**DATA FOR REVIEW:**
== Segment start ==

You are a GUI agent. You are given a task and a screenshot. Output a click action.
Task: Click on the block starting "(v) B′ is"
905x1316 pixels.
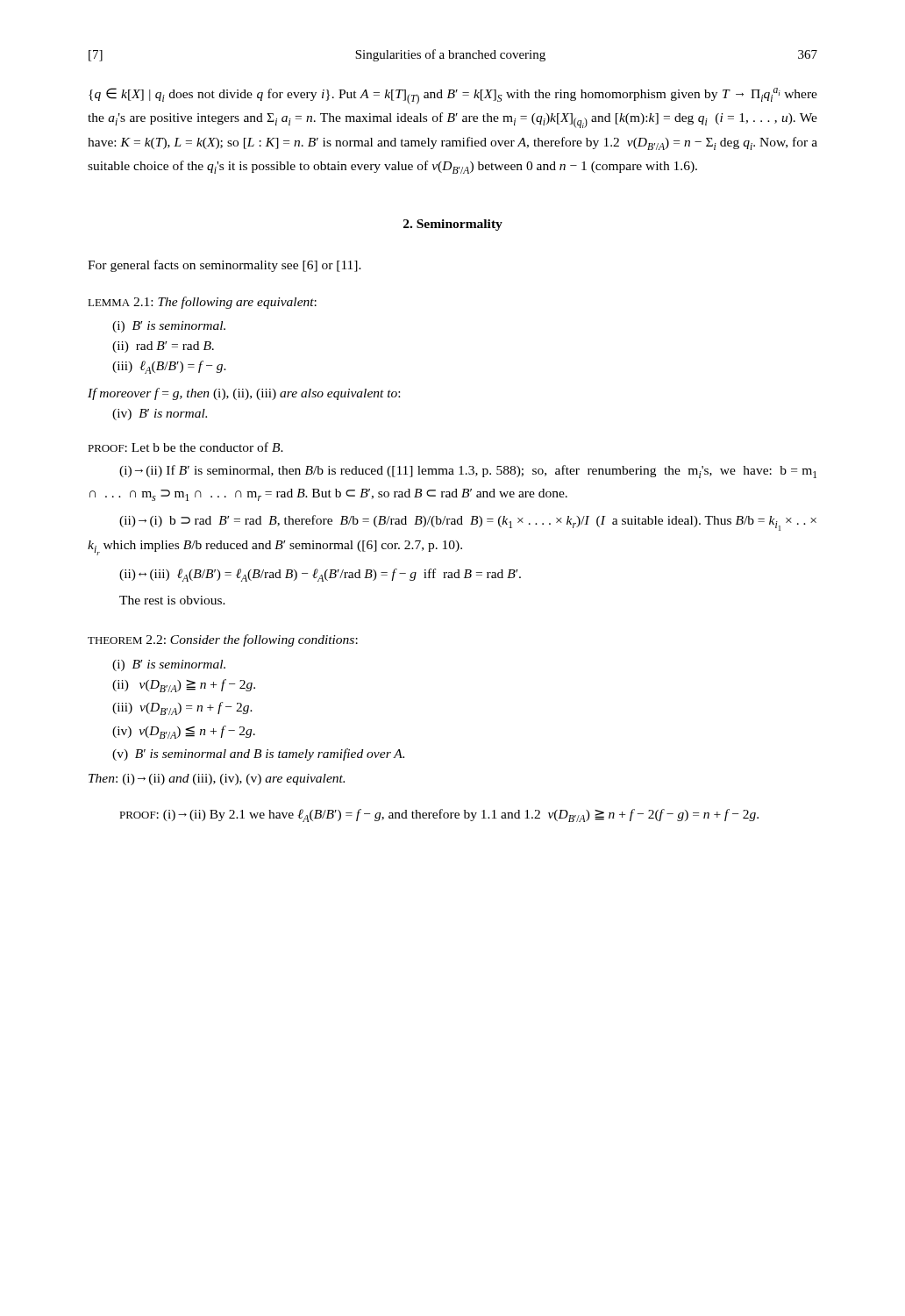[259, 754]
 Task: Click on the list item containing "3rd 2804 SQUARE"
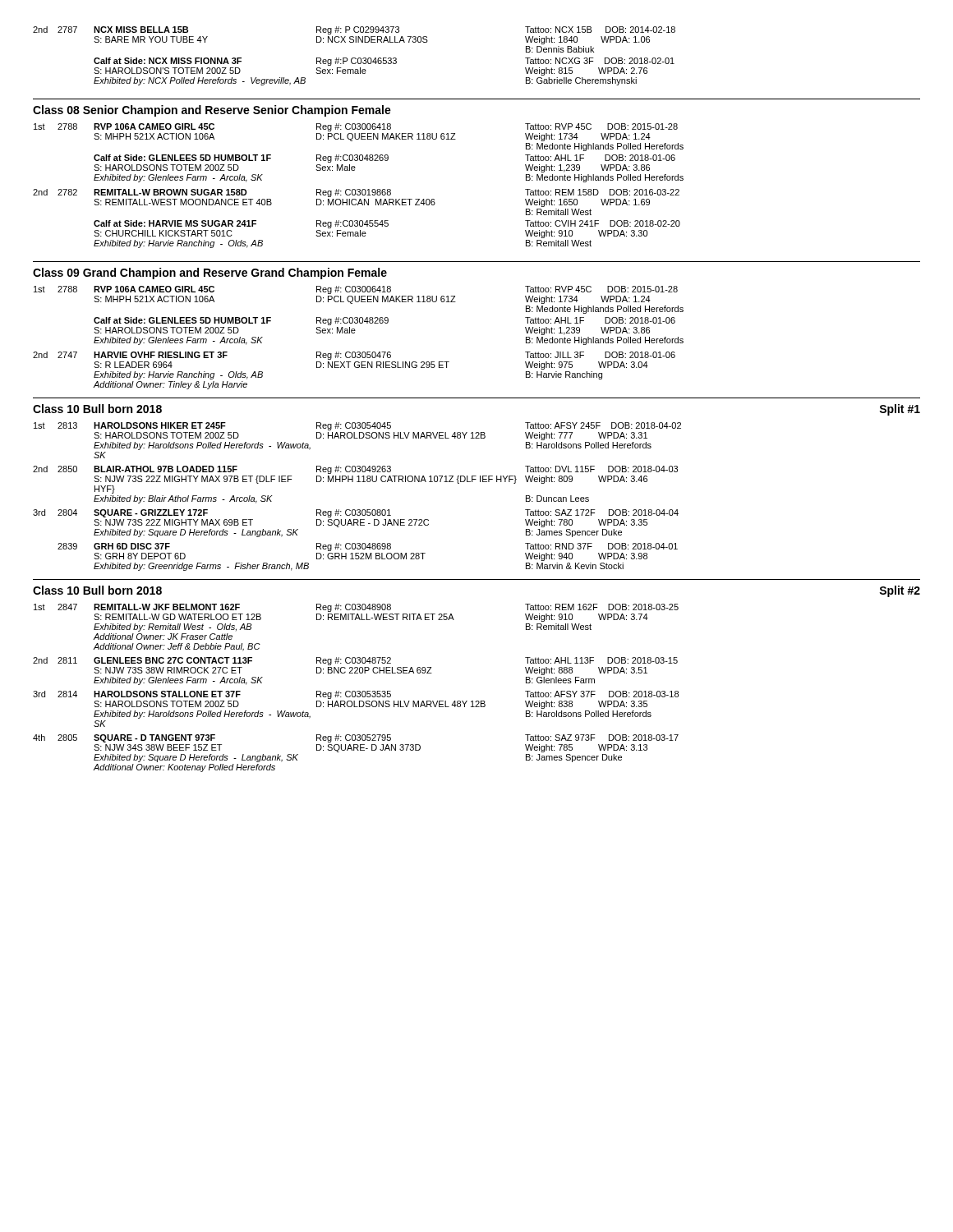tap(356, 513)
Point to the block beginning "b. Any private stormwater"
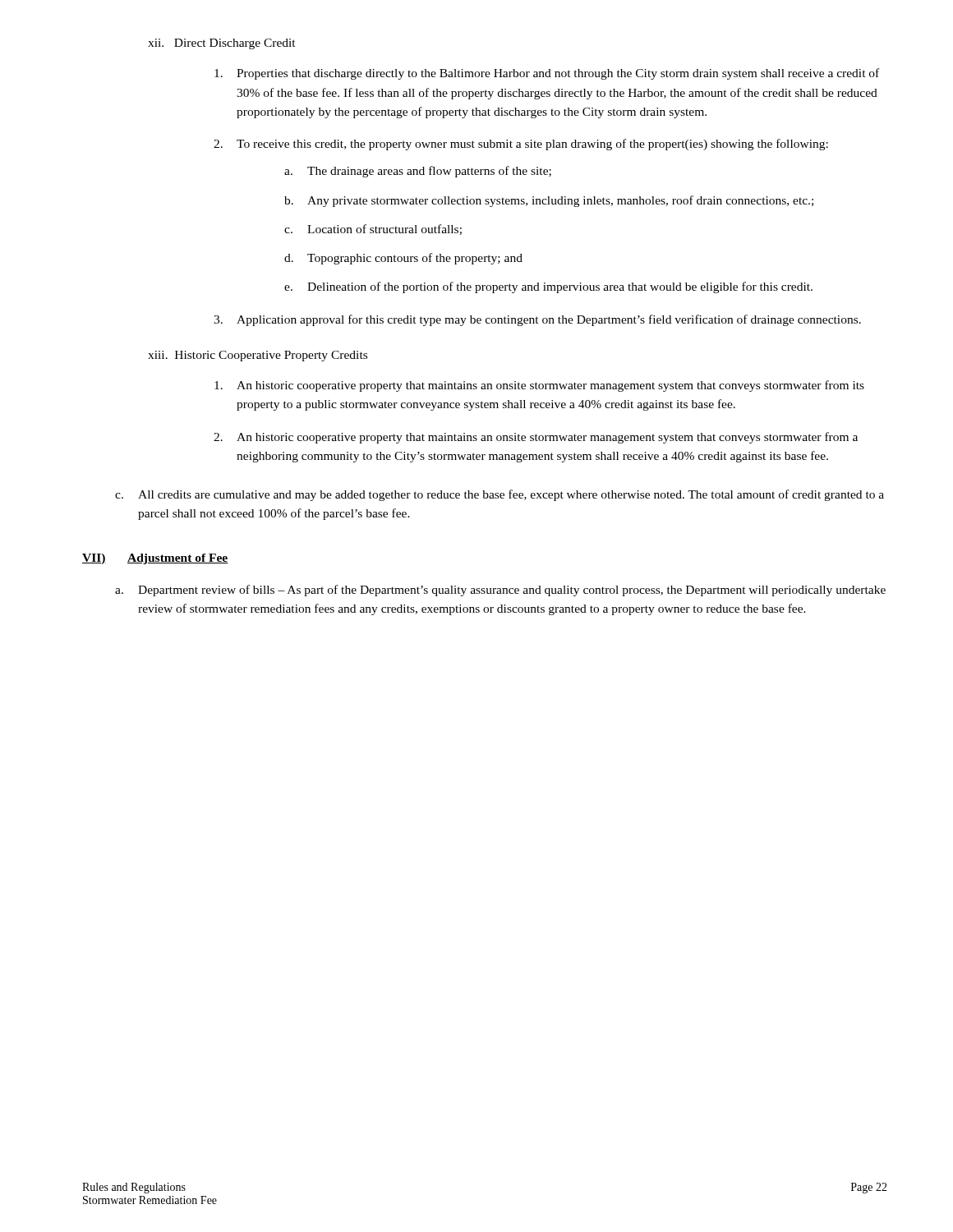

== Segment end ==

Which lines in the entries above contain "block"? Pull each of them out.

Task: Click on the block starting "(v) B′ is"
Point to the block beginning "b. Any private stormwater"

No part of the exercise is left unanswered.